Başını yana çevirdi ve işaret parmağıyla burnunu kaşırken "Öyle gezme ortalıkla, giy şunu." dedi.
Yanaklarıma hücum eden kanın ısısı beni germeye başlamıştı.
O dedi diye değil de gerçekten ihtiyacım olduğu için aldım elinden.
Bana bakmadan arkasını döndü. "Kapının önündeyim, giyin gel sonra." Diyerek lavabodan çıkmıştı.
Gitmesini söyleyecekken beni dinlemeden çıkması hiç hoş değildi.
Rezil olmuştum! Tüm okulun önünde hem de!

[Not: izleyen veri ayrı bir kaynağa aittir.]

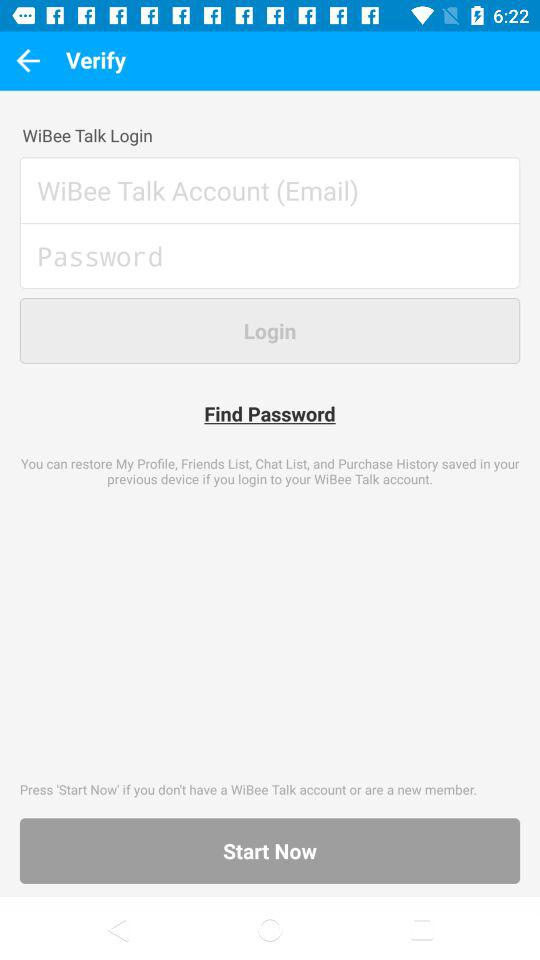How many text inputs are required to login?
Answer the question using a single word or phrase. 2

Elimde duran tişörte baktım bir süre. Daha sonra kabine girip kendi tişörtümü çıkarıp onun verdiği siyah tişörtü giymiştim. Önünde ingilizce 'live your life' yazıyordu.
Hayatını yaşa.
Tişörtü giydikten sonra aynadan kendime baktım. Bana baya bir bol gelen tişörtün içinde kaybolmuştum sanki. Bu çocuk gerçekten de bu kadar kalıplı mı ya?
Tişörtün uzun gelen kısımlarını gizlemek için siyah kot pantolonumun içine sokmuştum.Böyle daha iyi duruyordu. En azından ilk sefer ki kadar da kötü değildi.
Kirli tişörtümü de alıp lavabodan çıktım. Çocuk kapının yanında ki duvara gözleri kapalı başını yaslamış, elleri cebinde bir şekilde bekliyordu. Kapının açılıp kapanmasından çıktığımı anlamış olmalıydı ki gözlerini açarak yaslandığı duvardan doğrularak karşımda durmuştu.
Şöyle bir baktıktan sonra dudaklarının arasına konan gülümsemeyi saklamak istercesine başını diğer tarafa çevirmişti.
Komik miydi?
"Niye gülüyorsun?" Duygusuz olduğunu düşündüğüm bakışlarımı ona diktim.
Hala sırıtıyordu. İnci gibi beyaz dişleri parıl parıl parlıyordu. Benim bile her gün fırçalamama rağmen bu kadar beyaz değildi.
Kıskanmamıştım!
"Sadece yakışmış diyecektim."
Omuz silktim ve yanından geçip merdivenlere yöneldim. Sınıfa çıkacaktım. Arkamdan duyduğum ayak sesleri ile peşimden geldiğini anlamam uzun sürmemişti. Benimle beraber gelince kaşlarımı çatarak durdum ve ona döndüm sorarcasına.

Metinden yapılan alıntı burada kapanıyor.